The observed linear scaling of \(k\) and \(c\) with \(A\) for \(0<t<1000\)s (Fig. 8) is therefore consistent with the theory. Furthermore, for this same time frame, the range of \(t_0\) gives \(\ln t_0\) in the approximate range of 4–5 (Table 1). Hence, the ratio of the slope of \(c\) versus \(A\) to the slope of \(k\) versus \(A\), which is \(-4.7\) according to Fig. 8, is in the theoretically-predicted range and there is some promising evidence that the residual strain theory proposed here is able to also shed some light on the origin of the time shift \(t_0\) that was originally proposed by Omori (1894) but has not been clearly connected to mechanical processes.

6 Conclusions

Tensile breakage of rock is observed to produce aftershocks that are spatially clustered around the crack surface and that cannot be attributed to crack closure. These aftershocks sequences are statistically similar between hydraulic fractures and notched beam tests; in both cases the cumulative events after unloading follow Omori’s law with the coefficients, but not the time shift, scaling with the nominal crack area. In this regard the experiments are extremely consistent from one test to the next, that is to say, the repeatability for the crystalline rock and experimental configurations used in this study was very good.
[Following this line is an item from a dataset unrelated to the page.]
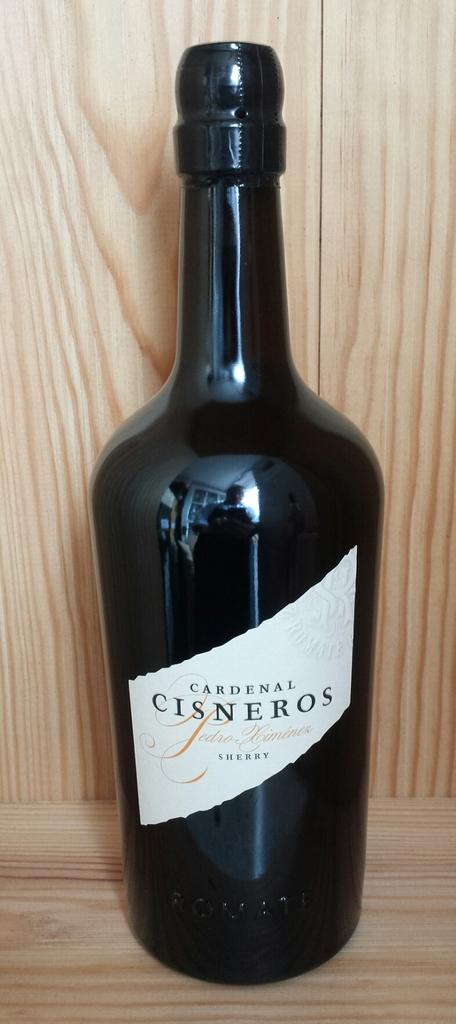<image>
Summarize the visual content of the image. The bottle of Sherry is made by  Cardenal Cisneros.

The observations from these experiments are consistent with an aftershock mechanism based on static fatigue driven by a stochastic distribution of residual strain remaining after unloading. Adding theoretical considerations to the interpretation of the experimental results, we propose ongoing rock mechanics research that aims at quantifying the impacts of environment, loading conditions before and after rupture, and of rupture surface size and detailed geometry on these aftershock sequences. This proposed direction of research will provide unique insight into stochastic time dependent rock fracture mechanisms underlying seismic and engineering hazards associated with the long-term stability of rocks under stress.